2.  26 December, Chelsea-Watford.  We landed at half past seven, made our way to the hotel, showered and changed (a must after an all-night flight), shook off the cobwebs (it is hard to sleep for any length of time sitting up in coach), grabbed some lunch and then took the District/Circle line to Fulham Broadway, about a five-minute walk from Chelsea's famous stadium, Stamford Bridge.

Chelsea has plenty of hospitality folks circling the stadium to direct you to where to go and even to take your photographs in front of murals of players -- former and present or the stadium itself.  They also had a bunch of young folks trying to get you to sign a card to petition some body (it was not exactly clear) that you support the expansion of the stadium.  They were so nice about it, that I did, and they didn't particularly care that I am not a resident of the United Kingdom.

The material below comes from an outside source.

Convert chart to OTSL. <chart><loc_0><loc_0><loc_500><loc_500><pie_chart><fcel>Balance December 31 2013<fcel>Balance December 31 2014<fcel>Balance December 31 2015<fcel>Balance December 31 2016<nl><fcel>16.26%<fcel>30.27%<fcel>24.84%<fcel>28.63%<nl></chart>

The weather was in the mid-fifties and grey, slightly windy, and the crowd seemed anxious, as if waiting for the vaunted Blues to awaken after a godawful start that had them much closer to the relegation zone than qualifying for the Champions League.  We got there early enough to circle the stadium and visit the Chelsea store, which ultimately would rank as #3 in stadium stores on our trip.  It's a nice store, a bit small, and doesn't offer the variety that either Arsenal's or Barcelona's do.  Admittedly, Stamford Bridge is about two-thirds the size of Emirates Stadium and less than half the size of Camp Nou, Barcelona's famed home pitch.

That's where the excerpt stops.